Ces solutions chimiques ont souvent aggravé les défis environnementaux et de biodiversité, surtout dans la chaîne d’approvisionnement alimentaire. Toutefois, des évolutions innovantes en bioscience sont destinées à transformer ces industries tout en respectant l’environnement.   

Étant gérants de portefeuille dans le secteur de l’environnement, nos entretiens réguliers avec des dirigeants d’entreprises nous permettent de nous tenir au fait des dernières tendances, innovations et opportunités de croissance dans le domaine environnemental. Partager les réflexions qui ressortent de ces entretiens, telle est l’ambition de notre « Uncapped Impact Serties ».   

Dans ce dernier numéro, nous explorons le monde de la bioscience avec le Docteur Andrey Zarur, le CEO et co-fondateur de GreenLight Biosciences, pour mieux comprendre comment la biologie peut être mise à profit pour traiter certains des plus grands défis de l’humanité.

Des solutions biologiques pour s’attaquer à des problèmes biologiques

Un point de départ crucial était de remettre en question le recours très fréquent aux produits pétrochimiques pour traiter des procédés biologiques. La dépendance à ces produits semble contre-intuitive lorsque la biologie peut offrir des solutions durables, propres et efficaces. Andrey explique : « Nous avons lancé GreenLight Biosciences pour créer une plateforme où nous pourrions concevoir des solutions biologiques pour traiter de nombreux problèmes biologiques que nous rencontrons en tant qu’espèce, dont par exemple la culture de nourriture, le combat contre les maladies, la préservation de l’environnement et la promotion de la biodiversité. »

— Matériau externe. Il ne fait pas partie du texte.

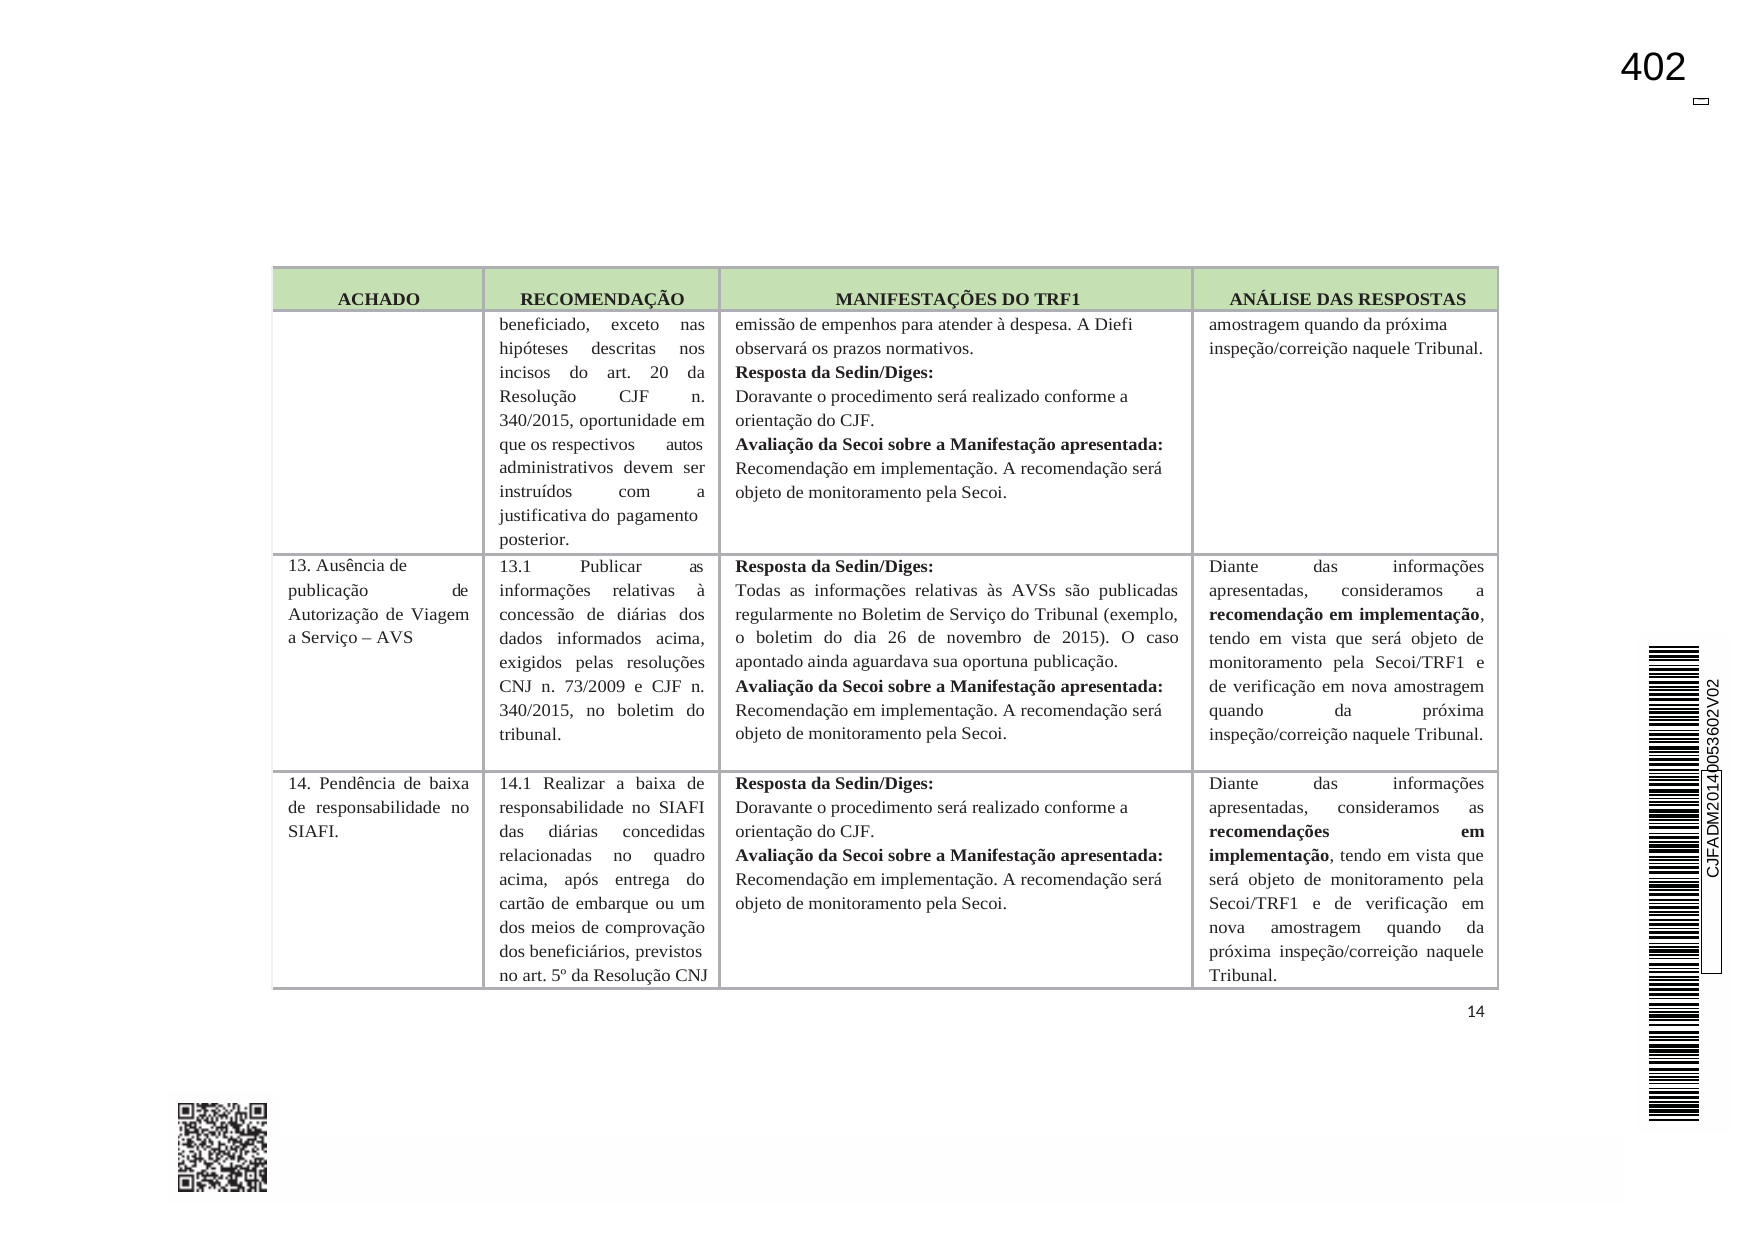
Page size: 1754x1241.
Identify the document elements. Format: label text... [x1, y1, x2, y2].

table_cell 13.1 Publicar as informações relativas à concessão de diárias dos dados informados acima, exigidos pelas resoluções CNJ n. 73/2009 e CJF n. 340/2015, no boletim do tribunal. [485, 556, 718, 770]
table_header RECOMENDAÇÃO [485, 269, 718, 309]
table_cell 13. Ausência de publicação de Autorização de Viagem a Serviço – AVS [273, 556, 482, 770]
picture [178, 1103, 267, 1192]
text 14 [0, 1000, 1484, 1022]
table_cell Diante das informações apresentadas, consideramos as recomendações em implementação, tendo em vista que será objeto de monitoramento pela Secoi/TRF1 e de verificação em nova amostragem quando da próxima inspeção/correição naquele Tribunal. [1194, 773, 1497, 987]
table_cell Diante das informações apresentadas, consideramos a recomendação em implementação, tendo em vista que será objeto de monitoramento pela Secoi/TRF1 e de verificação em nova amostragem quando da próxima inspeção/correição naquele Tribunal. [1194, 556, 1497, 770]
table_cell amostragem quando da próxima inspeção/correição naquele Tribunal. [1194, 312, 1497, 552]
table_cell 14.1 Realizar a baixa de responsabilidade no SIAFI das diárias concedidas relacionadas no quadro acima, após entrega do cartão de embarque ou um dos meios de comprovação dos beneficiários, previstos no art. 5º da Resolução CNJ [485, 773, 718, 987]
table_header ACHADO [273, 269, 482, 309]
table_cell emissão de empenhos para atender à despesa. A Diefi observará os prazos normativos. Resposta da Sedin/Diges: Doravante o procedimento será realizado conforme a orientação do CJF. Avaliação da Secoi sobre a Manifestação apresentada: Recomendação em implementação. A recomendação será objeto de monitoramento pela Secoi. [721, 312, 1191, 552]
table_cell Resposta da Sedin/Diges: Doravante o procedimento será realizado conforme a orientação do CJF. Avaliação da Secoi sobre a Manifestação apresentada: Recomendação em implementação. A recomendação será objeto de monitoramento pela Secoi. [721, 773, 1191, 987]
table_header ANÁLISE DAS RESPOSTAS [1194, 269, 1497, 309]
table_cell [273, 312, 482, 552]
table_cell beneficiado, exceto nas hipóteses descritas nos incisos do art. 20 da Resolução CJF n. 340/2015, oportunidade em que os respectivos autos administrativos devem ser instruídos com a justificativa do pagamento posterior. [485, 312, 718, 552]
table_cell Resposta da Sedin/Diges: Todas as informações relativas às AVSs são publicadas regularmente no Boletim de Serviço do Tribunal (exemplo, o boletim do dia 26 de novembro de 2015). O caso apontado ainda aguardava sua oportuna publicação. Avaliação da Secoi sobre a Manifestação apresentada: Recomendação em implementação. A recomendação será objeto de monitoramento pela Secoi. [721, 556, 1191, 770]
table_header MANIFESTAÇÕES DO TRF1 [721, 269, 1191, 309]
table_cell 14. Pendência de baixa de responsabilidade no SIAFI. [273, 773, 482, 987]

Le chemin a été long et ardu. Andrey nous précise que pour utiliser la biologie pour produire un insecticide, par exemple, il est essentiel de bien comprendre ce qui est nécessaire au niveau moléculaire et au niveau génétique. Ces connaissances doivent ensuite être développées de façon abordable.   

Le défi de l’ARN

L’acide ribonucléique, ou plus connu sous le nom d’ARN, est la clé de l’approche de la société. L’ARN fonctionne comme un traducteur ou un messager qui interprète le code génétique de chaque organisme vivant sur terre et lui indique ce qu’il doit faire et comment se comporter. Andrey explique : « C’est en fait un chef d’orchestre qui dicte à la vie comment se former, prospérer et grandir. Et ainsi, la capacité à utiliser l’ARN dans un processus biologique nous donne un contrôle précis sur cette forme particulière de vie. »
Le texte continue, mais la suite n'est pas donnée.